09/07/2026 16:57 - Tecnologia
A exploração planetária está prestes a dar um salto quântico. Fontes indicam que em julho de 2026, a NASA estaria desenvolvendo o Ernest, um rover de nova geração equipado com Inteligência Artificial (IA) projetado para aprender de maneira autônoma em ambientes desconhecidos. Para quem não está familiarizado, um rover é um veículo robótico de exploração espacial, semelhante a um carro autônomo, projetado para se locomover na superfície de outros planetas, como Marte.
Tradicionalmente, os veículos exploradores dependem de instruções meticulosamente programadas a partir da Terra. Com a implementação de algoritmos de Machine Learning (aprendizado de máquina, uma área da IA que permite que computadores aprendam com dados sem serem explicitamente programados), Ernest poderá analisar seu ambiente, identificar obstáculos, reconhecer padrões geológicos e tomar decisões em tempo real sem a necessidade de esperar a comunicação do controle na Terra. Isso é crucial, pois a comunicação espacial pode sofrer atrasos de vários minutos ou até horas, dependendo da distância planetária.

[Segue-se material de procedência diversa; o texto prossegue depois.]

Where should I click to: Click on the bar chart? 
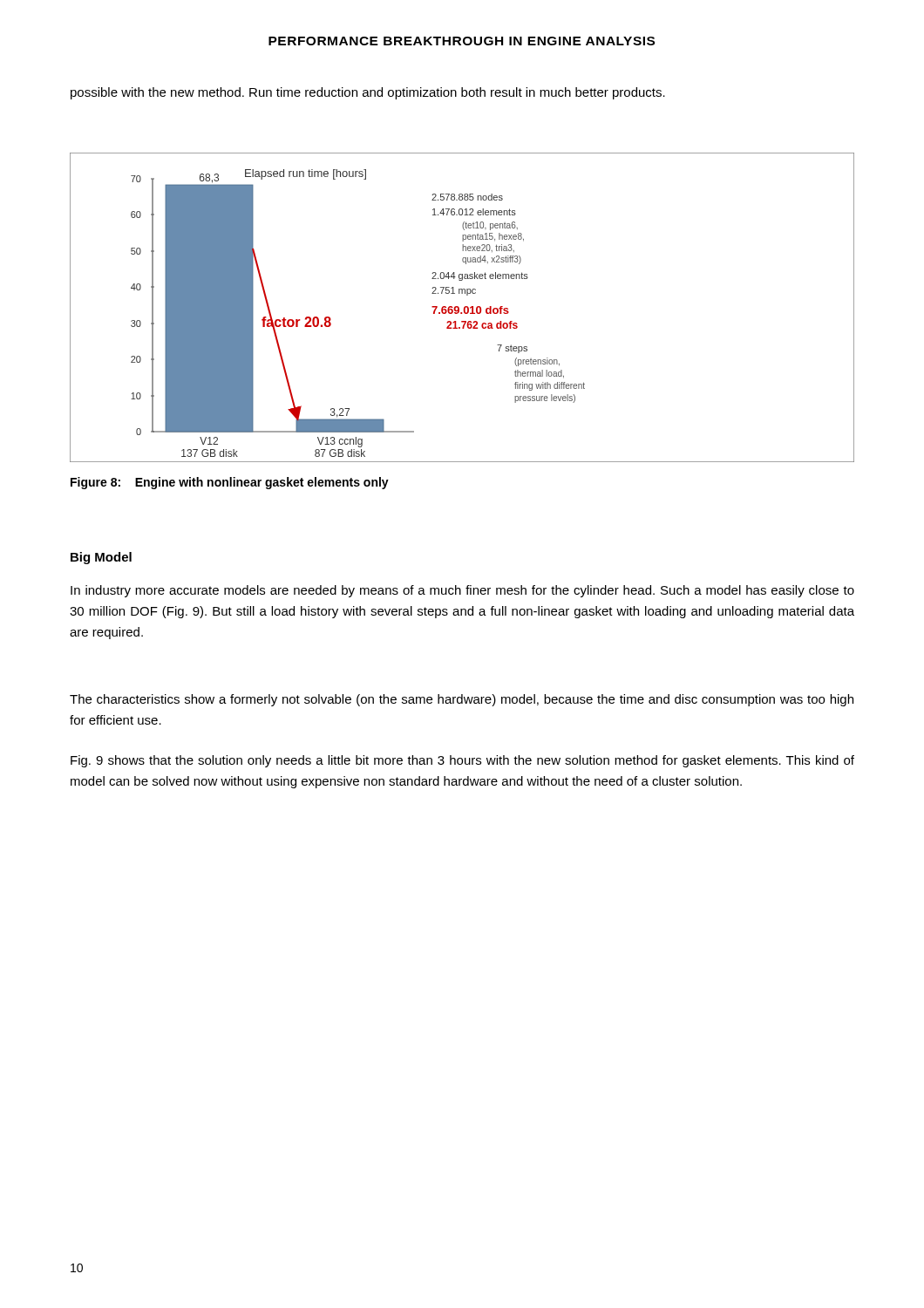coord(462,310)

O rover poderá avaliar quais rotas são mais seguras e eficientes sem intervenção humana direta, adaptando-se à geografia do terreno em tempo real.
Capacidade de identificar amostras de alto valor científico, priorizando a coleta de dados de forma independente e otimizando os recursos da missão.

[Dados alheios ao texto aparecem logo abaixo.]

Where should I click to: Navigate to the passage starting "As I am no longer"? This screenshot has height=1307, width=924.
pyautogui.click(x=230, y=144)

A integração de sistemas de IA autônomos permitirá que os rovers otimizem seu tempo de operação. Em vez de parar diante de uma rocha desconhecida para pedir instruções, Ernest poderia avaliar a amostra, decidir se é de interesse científico e prosseguir para coletar dados imediatamente. Isso não apenas agiliza as missões, mas também maximiza as descobertas científicas em cada expedição planetária, abrindo portas para explorações mais profundas e esperançosas em nosso sistema solar.